> _What the exercise asks_: Exclude the pictures, then copy all remaining records exactly.
Start of Records supplied
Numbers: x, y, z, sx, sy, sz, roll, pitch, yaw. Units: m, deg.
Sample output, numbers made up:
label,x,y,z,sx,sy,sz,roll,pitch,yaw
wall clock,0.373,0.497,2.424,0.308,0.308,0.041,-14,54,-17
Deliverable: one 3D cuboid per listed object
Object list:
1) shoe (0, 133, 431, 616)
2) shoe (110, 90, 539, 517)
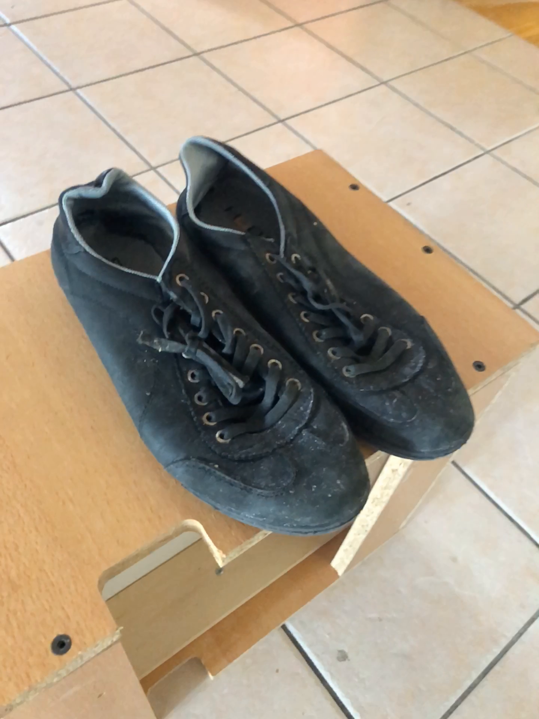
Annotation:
label,x,y,z,sx,sy,sz,roll,pitch,yaw
shoe,-0.060,-0.011,0.374,0.110,0.089,0.301,-31,63,-26
shoe,0.024,-0.058,0.414,0.110,0.089,0.311,-31,63,-26
End of Records supplied
> _Task output_:
Numbers: x, y, z, sx, sy, sz, roll, pitch, yaw. Units: m, deg.
Sample output, numbers made up:
label,x,y,z,sx,sy,sz,roll,pitch,yaw
wall clock,0.373,0.497,2.424,0.308,0.308,0.041,-14,54,-17
Deliverable: one 3D cuboid per listed object
Object list:
1) shoe (0, 133, 431, 616)
2) shoe (110, 90, 539, 517)
Annotation:
label,x,y,z,sx,sy,sz,roll,pitch,yaw
shoe,-0.060,-0.011,0.374,0.110,0.089,0.301,-31,63,-26
shoe,0.024,-0.058,0.414,0.110,0.089,0.311,-31,63,-26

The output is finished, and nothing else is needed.